* _Aim of the task_
With the pictures left out, print exactly the lines below that run from the one containing "Locate the short" through the one containing "Relative to the".

* _Data records_
═══

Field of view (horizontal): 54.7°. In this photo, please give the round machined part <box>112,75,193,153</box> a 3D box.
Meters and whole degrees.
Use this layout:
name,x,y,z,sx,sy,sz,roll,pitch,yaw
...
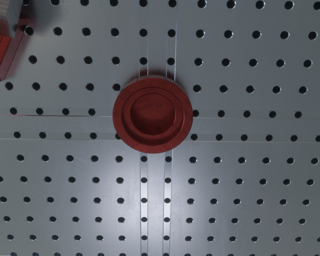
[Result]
name,x,y,z,sx,sy,sz,roll,pitch,yaw
round machined part,-0.009,-0.020,0.397,0.099,0.042,0.097,0,110,0

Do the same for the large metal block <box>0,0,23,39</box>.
name,x,y,z,sx,sy,sz,roll,pitch,yaw
large metal block,-0.189,-0.148,0.318,0.081,0.050,0.080,10,78,-15

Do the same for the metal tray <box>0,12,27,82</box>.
name,x,y,z,sx,sy,sz,roll,pitch,yaw
metal tray,-0.239,-0.119,0.364,0.131,0.030,0.090,29,107,-10
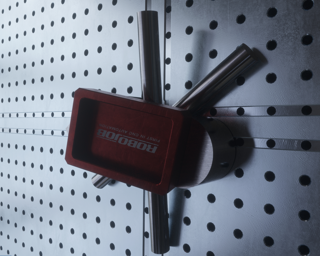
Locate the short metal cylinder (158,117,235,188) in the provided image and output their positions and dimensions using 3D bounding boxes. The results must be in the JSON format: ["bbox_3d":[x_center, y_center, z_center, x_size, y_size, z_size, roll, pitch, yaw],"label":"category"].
[{"bbox_3d":[0.039,0.026,0.358,0.080,0.050,0.079,0,90,39],"label":"short metal cylinder"}]

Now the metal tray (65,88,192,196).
[{"bbox_3d":[-0.038,0.011,0.344,0.130,0.030,0.089,14,99,20],"label":"metal tray"}]

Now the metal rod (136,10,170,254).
[{"bbox_3d":[-0.007,0.013,0.384,0.025,0.025,0.298,5,102,39],"label":"metal rod"}]

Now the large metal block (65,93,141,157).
[{"bbox_3d":[-0.068,-0.001,0.426,0.080,0.081,0.050,-41,65,32],"label":"large metal block"}]

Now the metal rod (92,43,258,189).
[{"bbox_3d":[0.000,0.002,0.408,0.299,0.025,0.025,-41,66,32],"label":"metal rod"}]
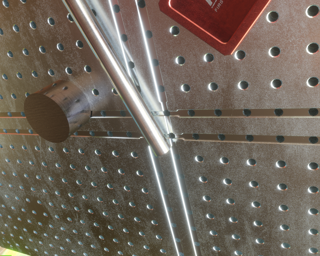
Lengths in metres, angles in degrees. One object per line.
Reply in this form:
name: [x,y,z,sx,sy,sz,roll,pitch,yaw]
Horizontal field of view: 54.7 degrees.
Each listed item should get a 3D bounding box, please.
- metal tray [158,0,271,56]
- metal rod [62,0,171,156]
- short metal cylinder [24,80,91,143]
metal tray: [0.066,-0.144,0.283,0.090,0.030,0.129,36,129,4]
metal rod: [-0.068,-0.093,0.389,0.025,0.025,0.299,-19,109,35]
short metal cylinder: [-0.151,-0.025,0.460,0.080,0.050,0.079,13,124,21]
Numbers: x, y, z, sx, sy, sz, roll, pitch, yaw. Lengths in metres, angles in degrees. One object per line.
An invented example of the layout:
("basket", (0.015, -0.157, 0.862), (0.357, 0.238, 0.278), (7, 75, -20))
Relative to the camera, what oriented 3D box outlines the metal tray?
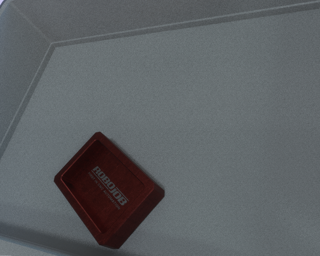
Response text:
("metal tray", (-0.068, 0.073, 0.391), (0.090, 0.030, 0.130), (-48, 52, -6))
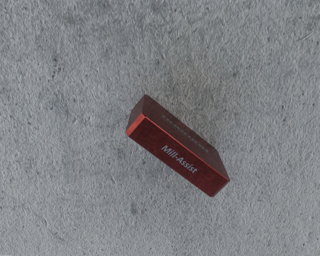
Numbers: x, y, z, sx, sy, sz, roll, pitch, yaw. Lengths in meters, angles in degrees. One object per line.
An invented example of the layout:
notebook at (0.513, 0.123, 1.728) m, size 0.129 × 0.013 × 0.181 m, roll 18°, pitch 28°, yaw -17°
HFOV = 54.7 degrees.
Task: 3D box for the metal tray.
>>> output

═══

* _Exercise response_
Locate the short metal cylinder (158,117,235,188) in the provided image and output their positions and dimensions using 3D bounding boxes. The results must be in the JSON format: ["bbox_3d":[x_center, y_center, z_center, x_size, y_size, z_size, roll, pitch, yaw],"label":"category"].
[{"bbox_3d":[0.039,0.026,0.358,0.080,0.050,0.079,0,90,39],"label":"short metal cylinder"}]

Now the metal tray (65,88,192,196).
[{"bbox_3d":[-0.038,0.011,0.344,0.130,0.030,0.089,14,99,20],"label":"metal tray"}]

Now the metal rod (136,10,170,254).
[{"bbox_3d":[-0.007,0.013,0.384,0.025,0.025,0.298,5,102,39],"label":"metal rod"}]

Now the large metal block (65,93,141,157).
[{"bbox_3d":[-0.068,-0.001,0.426,0.080,0.081,0.050,-41,65,32],"label":"large metal block"}]

Now the metal rod (92,43,258,189).
[{"bbox_3d":[0.000,0.002,0.408,0.299,0.025,0.025,-41,66,32],"label":"metal rod"}]
Lengths in metres, angles in degrees. One object per line.
Reply in this form:
name: [x,y,z,sx,sy,sz,roll,pitch,yaw]
Horizontal field of view: 54.7 degrees.
Each listed item should get a 3D bounding box, please.
- metal tray [158,0,271,56]
- metal rod [62,0,171,156]
- short metal cylinder [24,80,91,143]
metal tray: [0.066,-0.144,0.283,0.090,0.030,0.129,36,129,4]
metal rod: [-0.068,-0.093,0.389,0.025,0.025,0.299,-19,109,35]
short metal cylinder: [-0.151,-0.025,0.460,0.080,0.050,0.079,13,124,21]
Numbers: x, y, z, sx, sy, sz, roll, pitch, yaw. Lengths in metres, angles in degrees. One object per line.
An invented example of the layout:
("basket", (0.015, -0.157, 0.862), (0.357, 0.238, 0.278), (7, 75, -20))
Relative to the camera, what oriented 3D box outlines the metal tray?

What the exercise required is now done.